Dáil debates

Thursday, 15 February 2007

Education (Miscellaneous Provisions) Bill 2007: Second Stage

 

2:00 pm

Photo of Paul Connaughton  SnrPaul Connaughton Snr (Galway East, Fine Gael)

I am delighted to contribute to the debate on the Education (Miscellaneous Provisions) Bill. I welcome the Bill. Like Deputy O'Connor, I do not have an educational background although a few members of my family are teachers. Something had to be done about disruptive students. I hope this legislation will address the problem but as the Minister is aware there is "many a slip 'tween cup and lip" and legislation brought before the House often takes on a different hue by the time it is passed. However, the Oireachtas is sending a signal to teachers throughout the country that they can expect some help from the establishment in dealing with this problem.

I listened carefully to Deputy O'Sullivan and others who spoke about the other side of this coin and the balance required. I spend a good deal of time speaking to teachers and principals in east Galway and I was told by a principal in a post-primary school there that the disruption can be so bad on occasions that he feels he should wear shin guards to school. Thankfully, those cases are in the minority but one bad apple in the barrel can disrupt the entire class if they are allowed continue with the behaviour. If the class brat is allowed to upset the whole class a copycat syndrome can develop and others in the class will think they can get away with the same behaviour. That is a major problem, particularly in larger schools. Some students can be controlled at a certain level but if they see another student getting away with disruptive behaviour, they will do the same.

Being a principal of a school is a difficult job for a variety of reasons I do not have the time to go into now. Disruptive students take up much teachers' and principals' time. We all appreciate that there must be checks and balances but in regard to corporal punishment the pendulum has swung too far the other way.
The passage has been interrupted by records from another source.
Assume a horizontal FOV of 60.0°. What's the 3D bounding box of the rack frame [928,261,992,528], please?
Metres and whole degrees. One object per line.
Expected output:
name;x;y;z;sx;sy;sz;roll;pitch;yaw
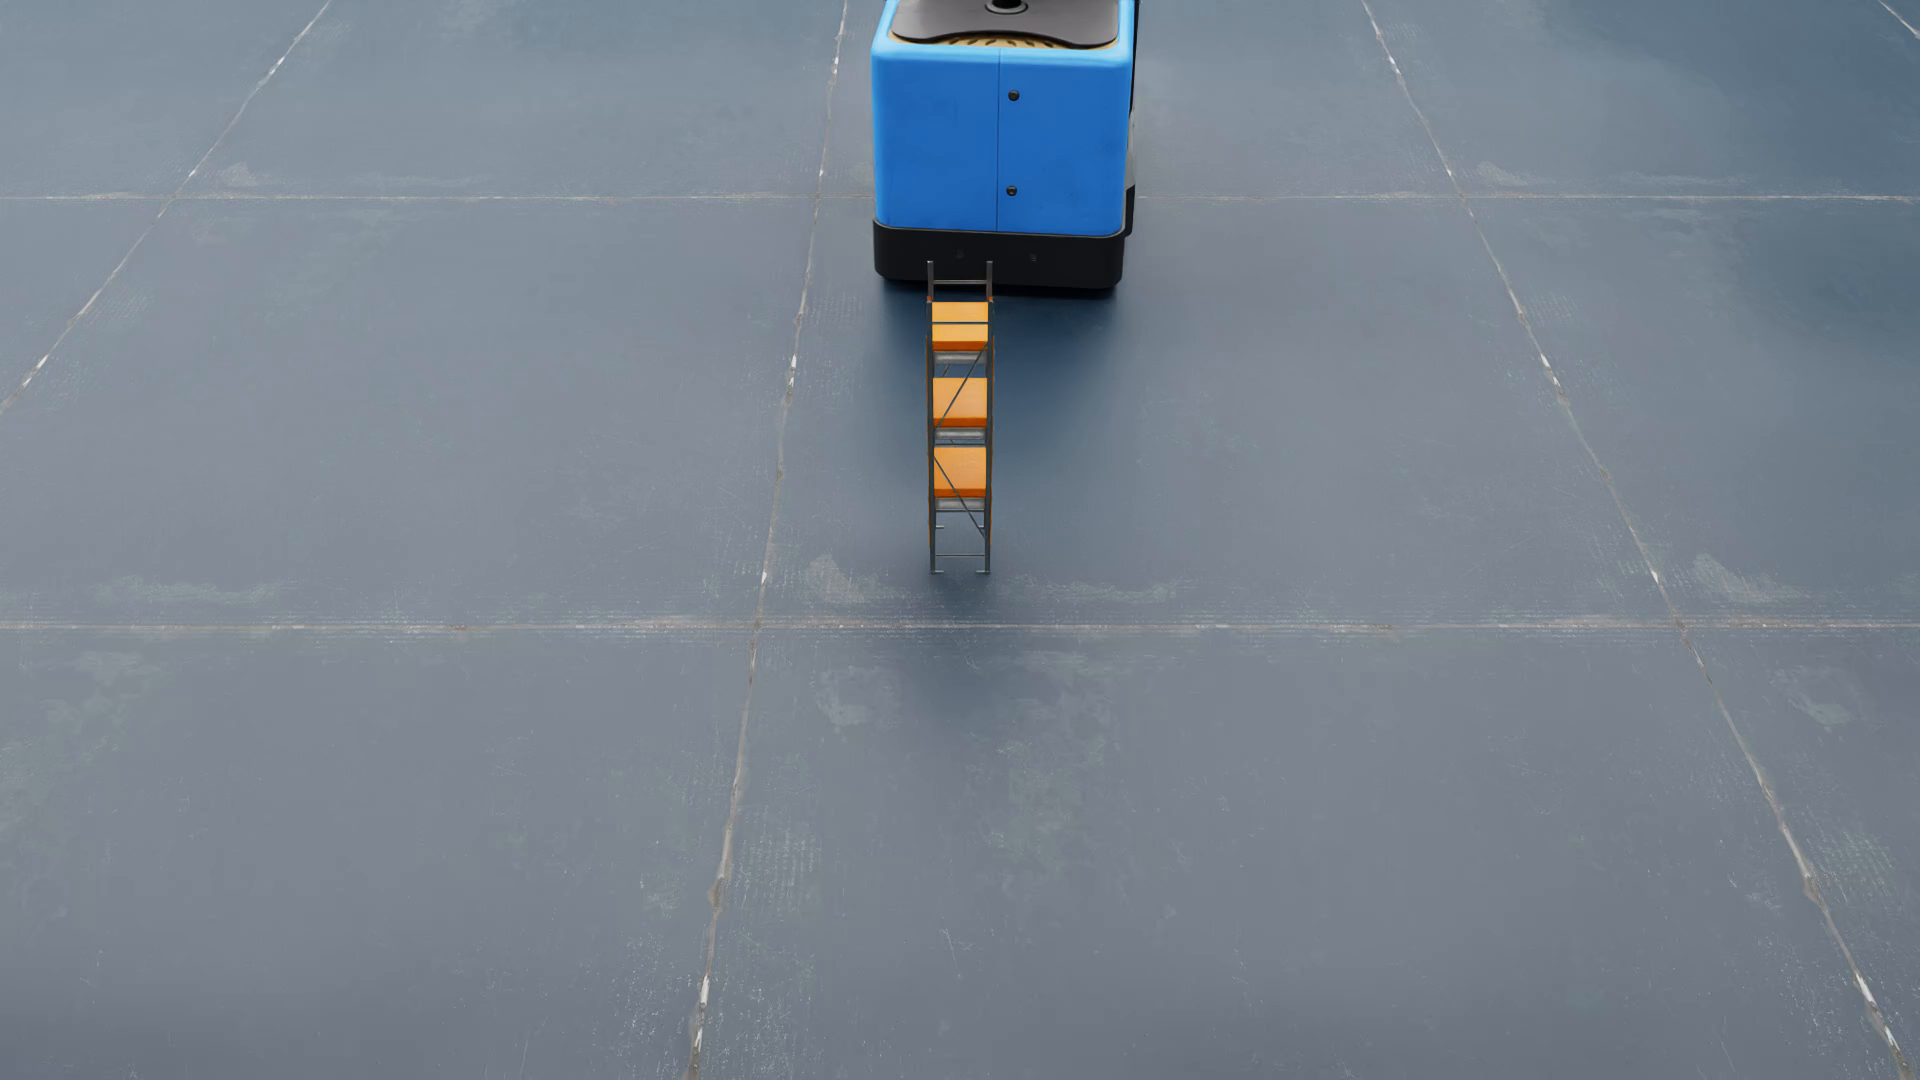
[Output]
rack frame;0.000;-0.453;5.475;0.200;1.050;0.008;0;39;0

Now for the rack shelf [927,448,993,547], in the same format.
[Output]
rack shelf;0.000;-0.151;5.560;0.215;0.259;0.240;0;39;0

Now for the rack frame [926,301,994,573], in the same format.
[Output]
rack frame;0.000;-0.300;5.285;0.200;1.050;0.008;0;39;0

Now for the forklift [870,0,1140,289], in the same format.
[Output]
forklift;0.288;-3.104;7.279;1.130;2.935;3.031;3;39;4

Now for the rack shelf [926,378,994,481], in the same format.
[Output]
rack shelf;0.000;-0.368;5.387;0.215;0.259;0.240;0;39;0

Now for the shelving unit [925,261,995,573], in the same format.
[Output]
shelving unit;0.000;-0.376;5.380;0.215;1.050;0.252;0;39;0

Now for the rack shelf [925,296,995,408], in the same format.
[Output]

My generation experienced corporal punishment, and there is no doubt that was a difficult time to be in school; there was not much talk about the rights of children. I have no time for corporal punishment, nor has any other Member, but the pendulum began to swing the other way as happens in modern democracies. In the past eight or ten years in particular, the news got out that a pupil cannot be touched, regardless of what he or she does. Whether that is right or wrong, that is the perception. This legislation will redress that somewhat and I hope the teachers, principals and vice-principals who will examine it when it is passed will believe they are in a slightly better position in that they will now know where the battle lines are drawn, which was not clear previously.
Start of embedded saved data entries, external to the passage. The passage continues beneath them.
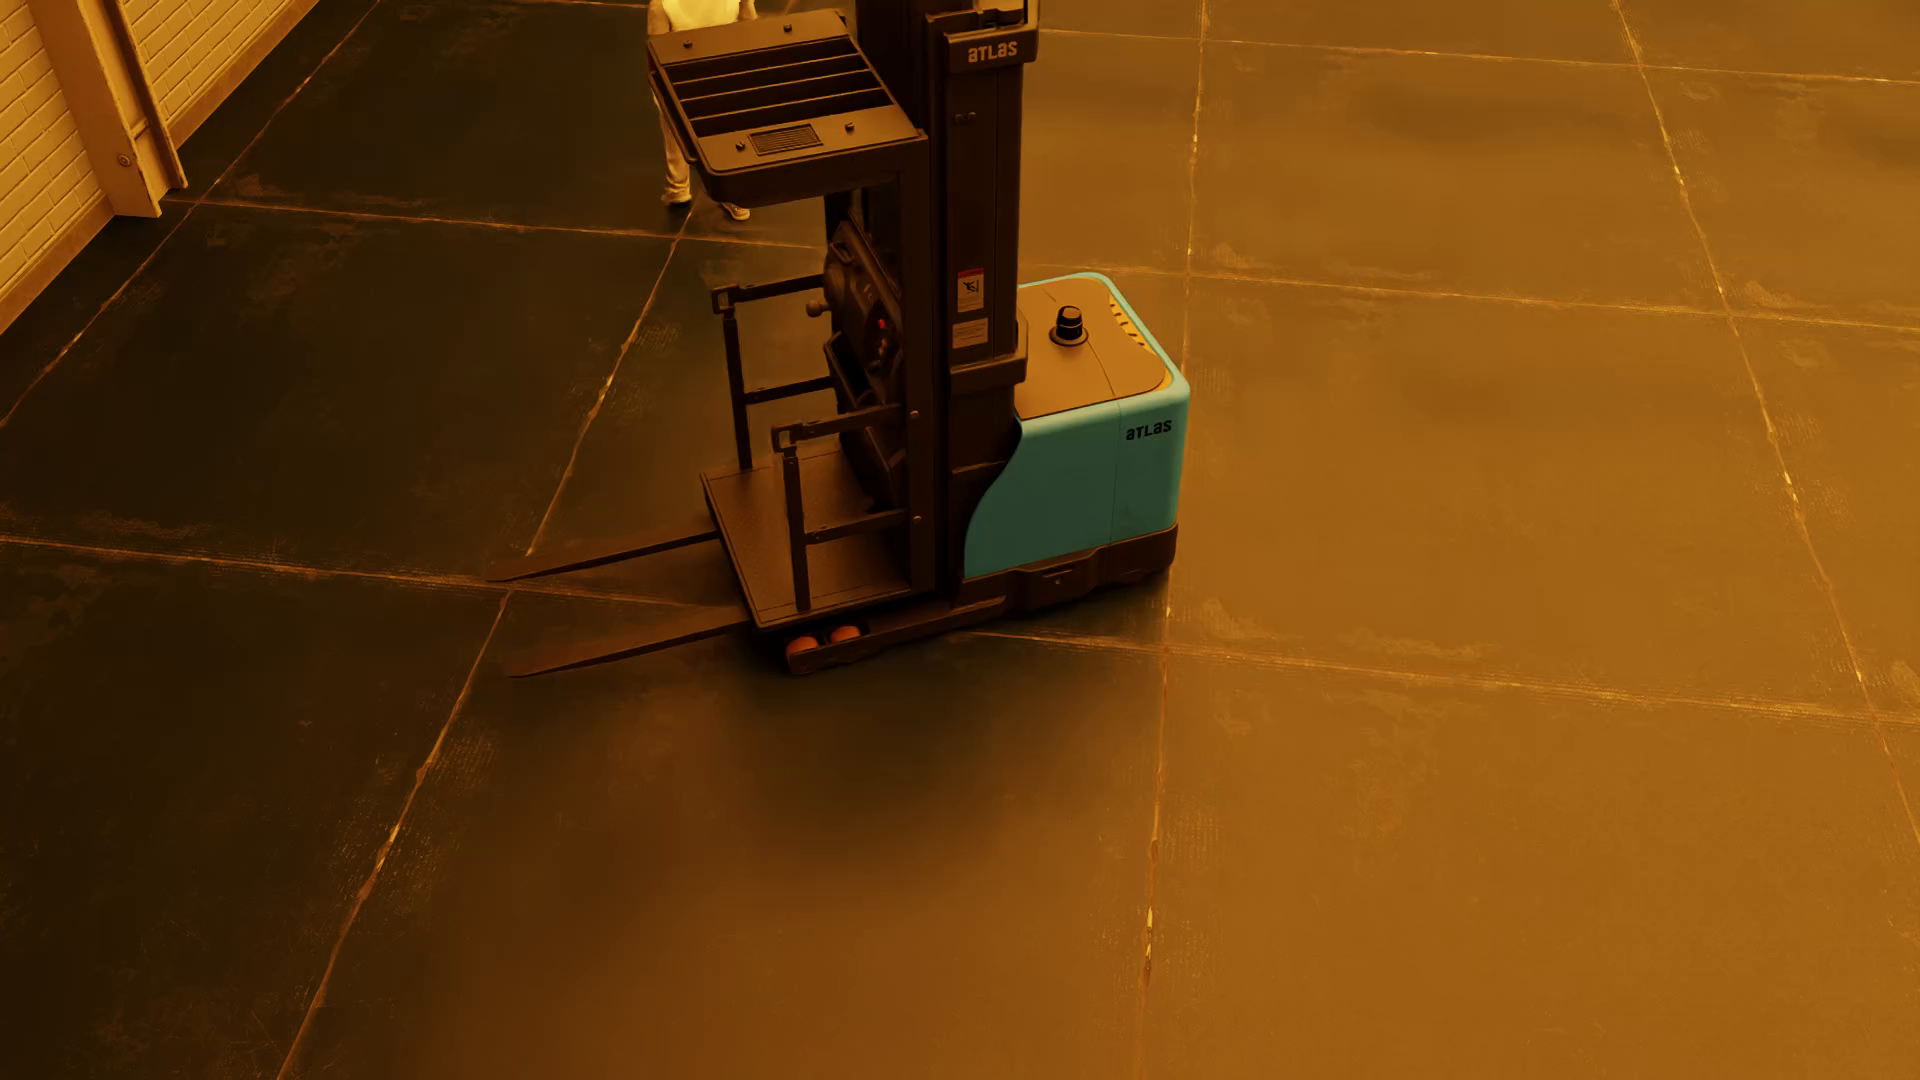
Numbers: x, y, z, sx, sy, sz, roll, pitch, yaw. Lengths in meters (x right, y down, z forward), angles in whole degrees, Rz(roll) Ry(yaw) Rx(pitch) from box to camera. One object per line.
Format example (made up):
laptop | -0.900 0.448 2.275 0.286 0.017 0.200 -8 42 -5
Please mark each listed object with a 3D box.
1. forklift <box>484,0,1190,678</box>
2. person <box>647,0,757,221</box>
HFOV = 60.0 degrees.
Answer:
forklift | -0.580 -0.901 6.705 3.031 2.935 1.130 -14 44 -14
person | -1.482 -2.678 9.550 0.654 1.824 0.530 -17 45 -17

I do not have enough involvement in education to know how the appeal system will work. It appears satisfactory but I assume some clever person will drive a coach and four through it before too long; it is our job to close off any such loopholes if that happens.

I could spend the next half hour rattling off examples of cases involving disruptive students. Some of the students involved are so ferocious in their intent that not only can the teachers not control them but the gardaí are unable to do anything with them. Some students of 13, 14, 17 or 18 years of age are at a stage in their lives that, regardless of the arm of the State involved, even if it is the Garda, they will upset it.
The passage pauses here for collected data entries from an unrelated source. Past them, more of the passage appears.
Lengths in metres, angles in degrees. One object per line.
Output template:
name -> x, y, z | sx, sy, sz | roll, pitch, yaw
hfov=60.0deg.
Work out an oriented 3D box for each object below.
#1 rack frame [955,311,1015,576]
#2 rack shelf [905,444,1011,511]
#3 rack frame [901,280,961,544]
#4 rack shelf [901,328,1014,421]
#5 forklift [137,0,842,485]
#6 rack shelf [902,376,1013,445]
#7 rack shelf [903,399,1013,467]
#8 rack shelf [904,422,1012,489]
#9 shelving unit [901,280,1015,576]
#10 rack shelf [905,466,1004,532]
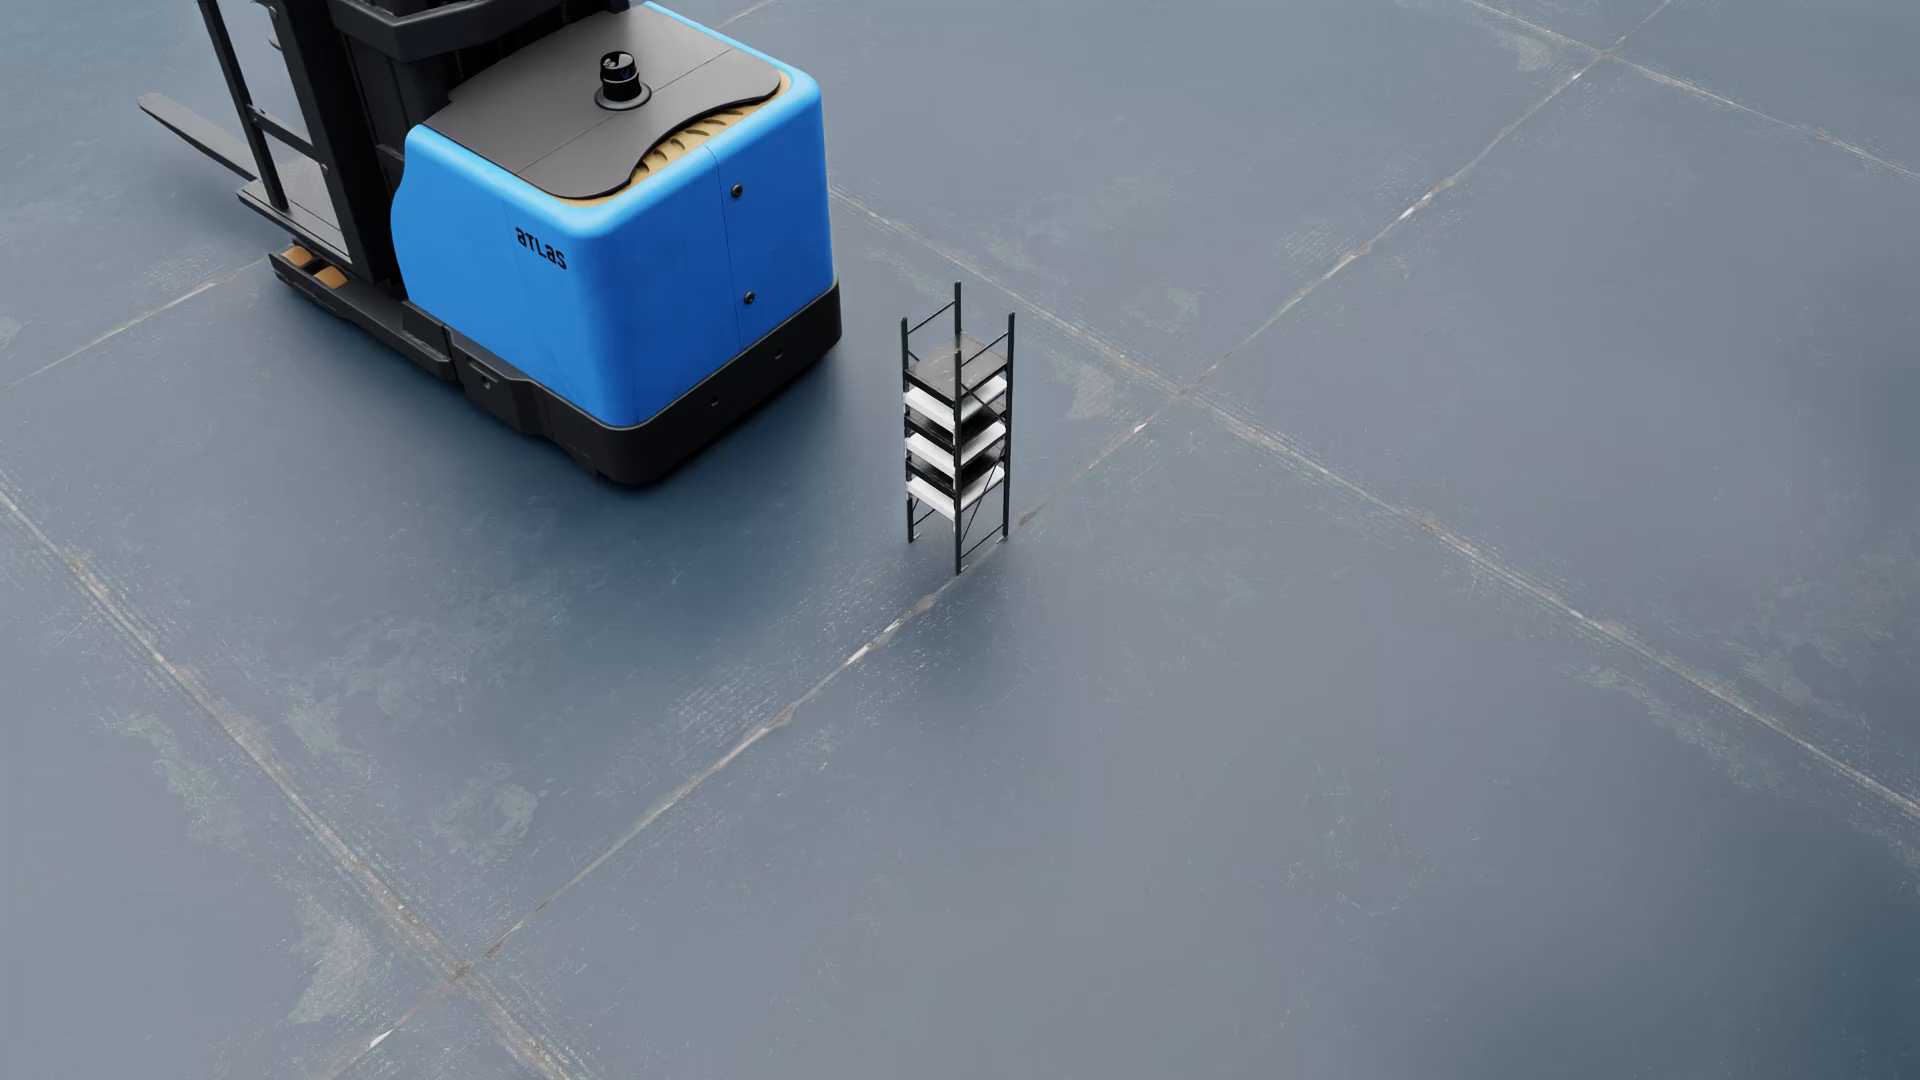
rack frame -> 0.069, -0.262, 4.879 | 0.006, 0.900, 0.240 | 34, 55, 28
rack shelf -> -0.006, -0.228, 5.016 | 0.200, 0.077, 0.258 | 34, 55, 28
rack frame -> -0.081, -0.362, 4.973 | 0.006, 0.900, 0.240 | 34, 55, 28
rack shelf -> -0.006, -0.474, 4.753 | 0.200, 0.077, 0.258 | 34, 55, 28
forklift -> -1.877, -2.090, 5.202 | 3.031, 2.935, 1.130 | 31, 54, 26
rack shelf -> -0.006, -0.412, 4.819 | 0.200, 0.077, 0.258 | 34, 55, 28
rack shelf -> -0.006, -0.351, 4.884 | 0.200, 0.077, 0.258 | 34, 55, 28
rack shelf -> -0.006, -0.289, 4.950 | 0.200, 0.077, 0.258 | 34, 55, 28
shelving unit -> -0.006, -0.312, 4.926 | 0.210, 0.900, 0.258 | 34, 55, 28
rack shelf -> -0.006, -0.166, 5.081 | 0.200, 0.077, 0.258 | 34, 55, 28

I am aware of some remarkable cases where the disruption was so bad the students were eventually expelled. In one case it took almost two years to do this during which time there were case conferences and outside agencies became involved. While all that was going on the school was being thrashed. That is the problem with this kind of behaviour.

I hope the message goes out from this Chamber that there will be no room in schools for students who are overly disruptive, whose behaviour places other students at a major disadvantage and where the dignity of teachers is impugned. I will address the question of where such students should be placed, because that will have to be done.

I did not hear it mentioned in the debate earlier, and perhaps it is not politically correct to talk about it, but I do not understand the reason all the responsibility for a child's education is placed on the school authorities. Schools play a major role and formal education is one of the most important aspects of a child's upbringing but more emphasis must be put on the family and the parents in the case of disruptive students. Many will argue that if one has responsible parents, one will not have disruptive students. A school principal informed me that he had one of his teachers trailing a family in a large town in County Galway for several months to see why the children were not attending school. The teacher finally met the father who assured him his three children would be at the school the following morning but only if the teacher paid him. No one will doubt there is more trouble in that home than was mentioned at the door to the teacher.

It is against this background that we must consider the other side of the coin. This Bill draws the battle lines and disruptive students will be expelled from the school system. Agencies, therefore, must be put in place to follow their progress outside of the school system. The real disaster is if no one cares what happens to such children. Those children left to their own devices outside of the system will inevitably have a prison term on their CV.

Some parents take no blame for disruptive behaviour. Many teachers have described situations where, after some misdemeanour by a pupil, the parents were asked to attend the school. When informed of the incident, the parents would claim it is not their child who was wrong, it was the teacher. These kinds of parents claim the teachers are failing their children and do not have the skills required to teach. I accept there are bad teachers, just as there are bad Deputies and the odd bad Minister.